• [TASK PROMPT]:
The lines to find are those in the entries that hold the word "each"; copy every one of them.
(RECORDS FOR THIS EXERCISE Opens)
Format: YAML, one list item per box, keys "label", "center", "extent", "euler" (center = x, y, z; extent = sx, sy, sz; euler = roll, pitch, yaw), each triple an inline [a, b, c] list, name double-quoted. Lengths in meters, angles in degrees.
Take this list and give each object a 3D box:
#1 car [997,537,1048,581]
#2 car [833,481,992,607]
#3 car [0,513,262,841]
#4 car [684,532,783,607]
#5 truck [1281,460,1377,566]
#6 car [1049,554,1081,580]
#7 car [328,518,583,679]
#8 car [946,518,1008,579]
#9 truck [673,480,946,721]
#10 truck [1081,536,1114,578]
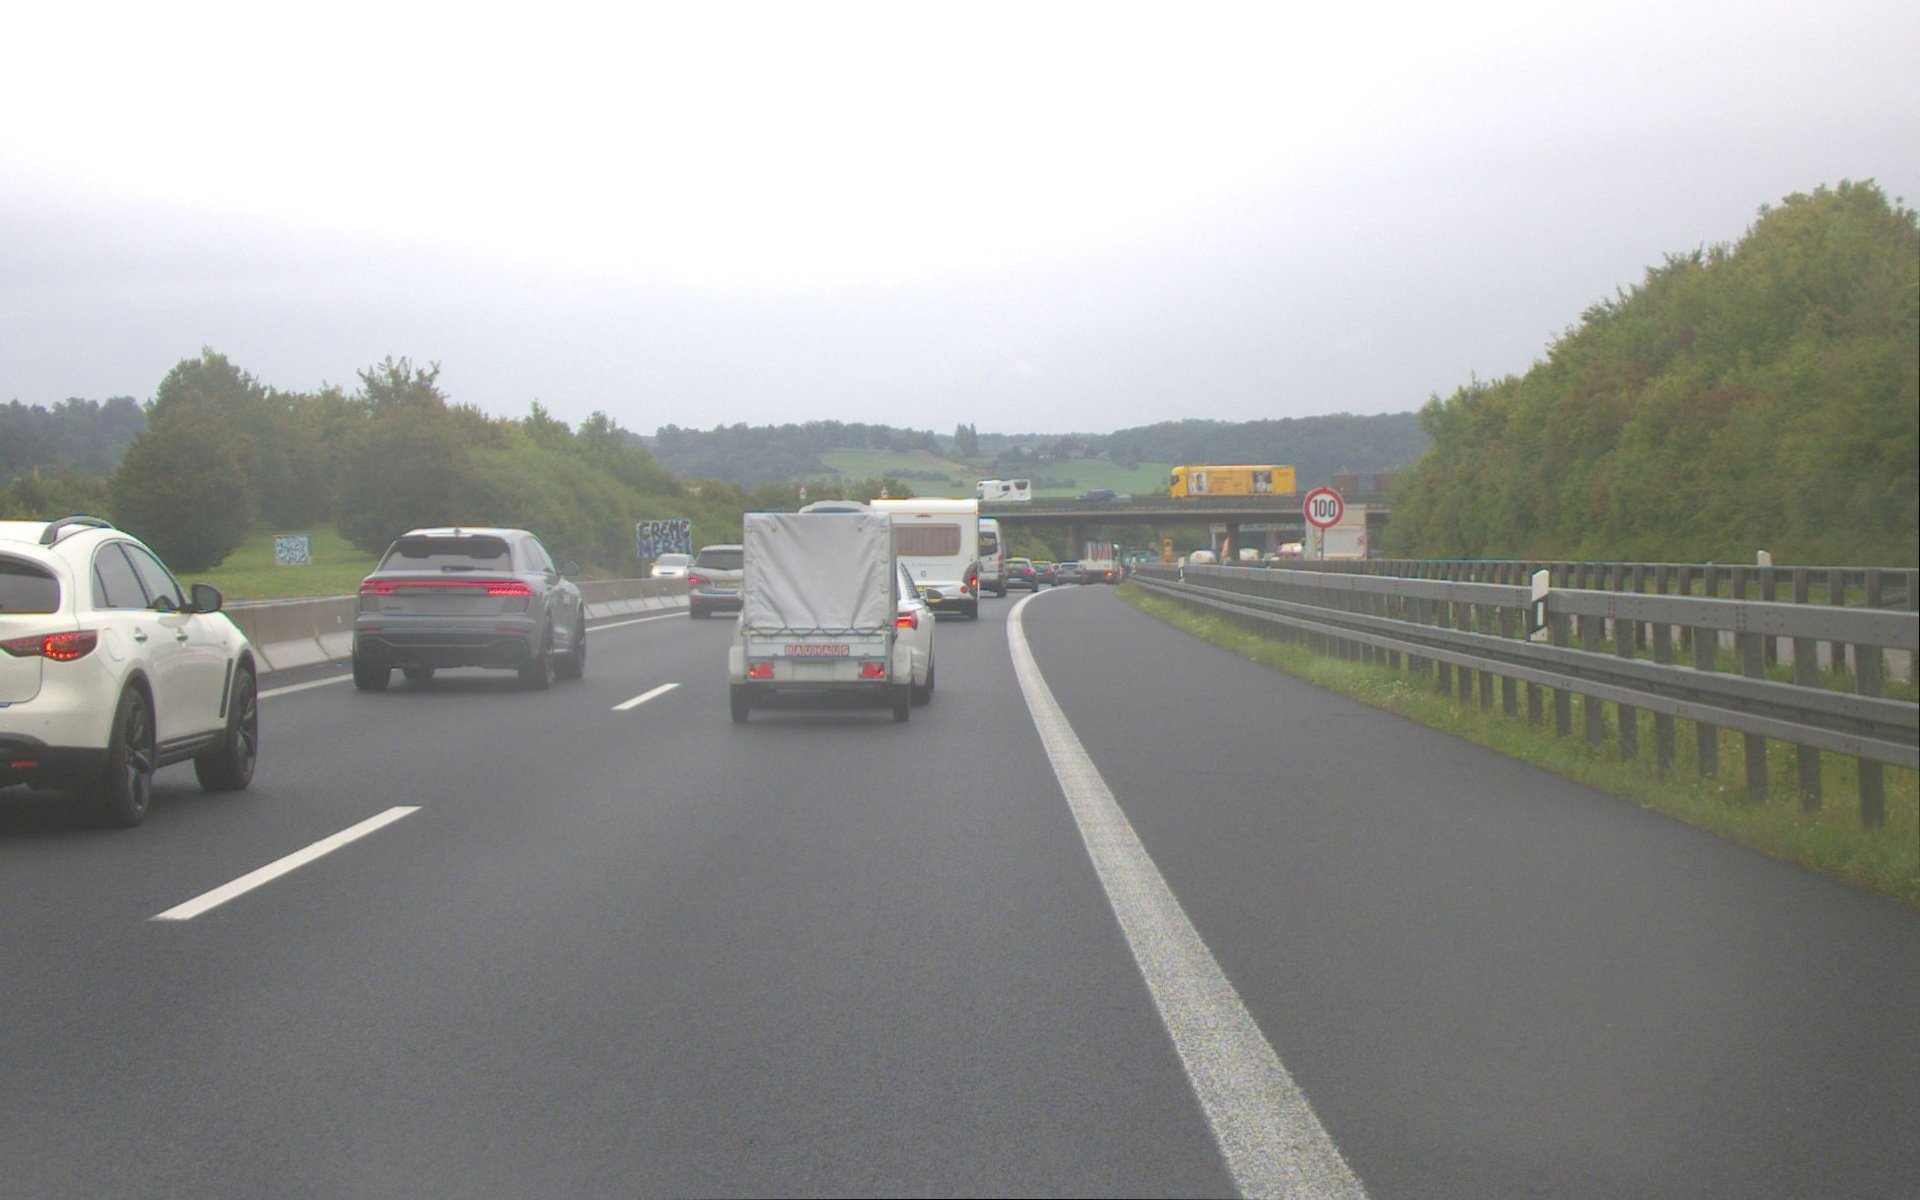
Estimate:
- label: "car"
  center: [2.593, -1.693, 141.511]
  extent: [1.994, 1.744, 4.000]
  euler: [1, 1, 3]
- label: "car"
  center: [-0.960, -1.229, 74.402]
  extent: [3.017, 2.607, 6.074]
  euler: [0, 1, 3]
- label: "car"
  center: [-5.338, 0.356, 19.355]
  extent: [1.976, 1.633, 4.501]
  euler: [0, 1, -1]
- label: "car"
  center: [-4.954, -0.688, 75.555]
  extent: [1.900, 1.607, 4.017]
  euler: [0, 1, 0]
- label: "truck"
  center: [18.233, -4.279, 170.750]
  extent: [4.094, 5.086, 10.463]
  euler: [0, 1, 3]
- label: "car"
  center: [7.119, -2.220, 232.314]
  extent: [1.994, 1.744, 4.000]
  euler: [1, 1, 4]
- label: "car"
  center: [-5.361, -0.051, 37.132]
  extent: [2.174, 1.626, 4.501]
  euler: [0, 1, -1]
- label: "car"
  center: [0.576, -1.760, 117.775]
  extent: [1.993, 2.029, 4.152]
  euler: [1, 1, -1]
- label: "truck"
  center: [-1.258, -0.061, 31.971]
  extent: [2.019, 1.979, 7.213]
  euler: [0, 1, 2]
- label: "truck"
  center: [10.243, -3.194, 256.031]
  extent: [2.278, 3.071, 7.245]
  euler: [1, 1, 4]
(RECORDS FOR THIS EXERCISE Closes)
• [FINISHED EXERCISE]:
Format: YAML, one list item per box, keys "label", "center", "extent", "euler" (center = x, y, z; extent = sx, sy, sz; euler = roll, pitch, yaw), each triple an inline [a, b, c] list, name double-quoted. Lengths in meters, angles in degrees.
Take this list and give each object a 3D box:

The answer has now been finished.